En témoigne dans le cas de ces sites, l’épandage de terres rapportées, qui
compromet l’évolution naturelle de la végétation vers les formations typiques des
terrasses alluviales glaciaires de la Durance ou encore le recours à des plants et
semences d’origine inconnue faisant courir un risque de pollution génétique pour
la flore locale.
Quelques recommandations pour limiter les effets possibles d’une pollution
génétique :
-
privilégier des plants et semences indigènes locales. Possibilité dans ce cas
d’introduire une certaine diversité d’espèces ;
-
si recours à des plants et semences d’origine lointaine ou non déterminée,
limiter au maximum la diversité des espèces utilisées ;
-
dans le cas d’une obligation de restauration d’espaces boisés, utiliser une
ou deux espèces arbustives associées à une ou deux espèces
arborescentes, en s’appuyant sur des espèces à forte amplitude
écologique. Il pourrait s’agir du Cornouiller sanguin et du Chêne pubescent
dans le cas présent ;
-
si absence d’obligation de restauration de milieu forestier, il est préférable
de laisser la recolonisation par les ligneux se faire naturellement. Celle-ci
est par exemple très active sur ces sites avec un piquetage important de
jeunes pieds de Peuplier noir, de Pin sylvestre et localement de Cornouiller
sanguin ;
-
l’anticipation semble être le maître-mot pour réaliser un projet de grande
qualité écologique, favorable à la biodiversité : la récolte de semences in
situ et le bouturage d’espèces locales prennent du temps et nécessitent de
prévoir les opérations de végétalisation bien en amont.

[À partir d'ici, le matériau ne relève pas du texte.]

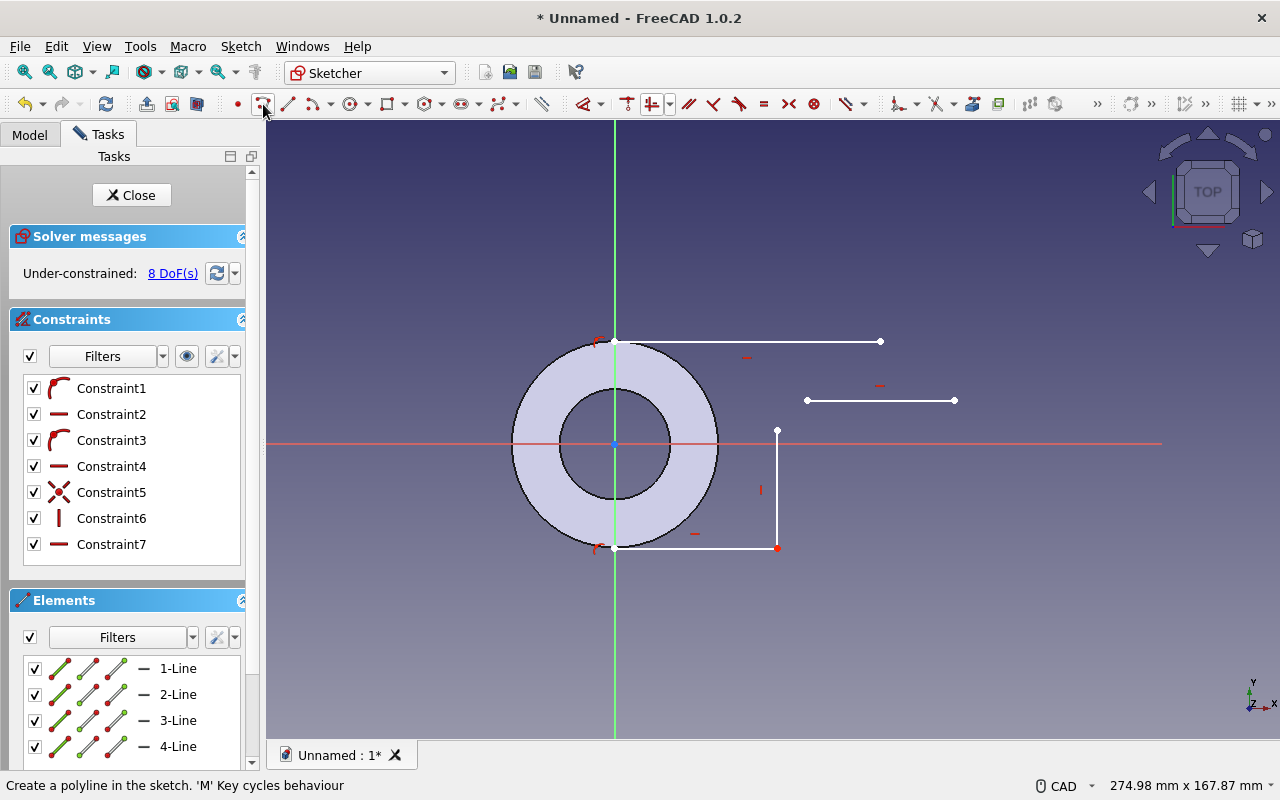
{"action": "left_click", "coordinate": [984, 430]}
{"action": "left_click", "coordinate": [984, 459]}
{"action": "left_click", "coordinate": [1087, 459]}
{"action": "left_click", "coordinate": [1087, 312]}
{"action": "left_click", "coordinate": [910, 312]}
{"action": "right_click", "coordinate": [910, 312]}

Et retenons que « pour restaurer des boisements spontanés, il peut être
intéressant de laisser évoluer les milieux concernés, qui seront peu à peu
colonisés par des arbres et des arbustes indigènes adaptés et qui, à long terme,
verront l’émergence de végétations forestières se reconstituant naturellement
sans intervention humaine » (Cornier et al., 2011).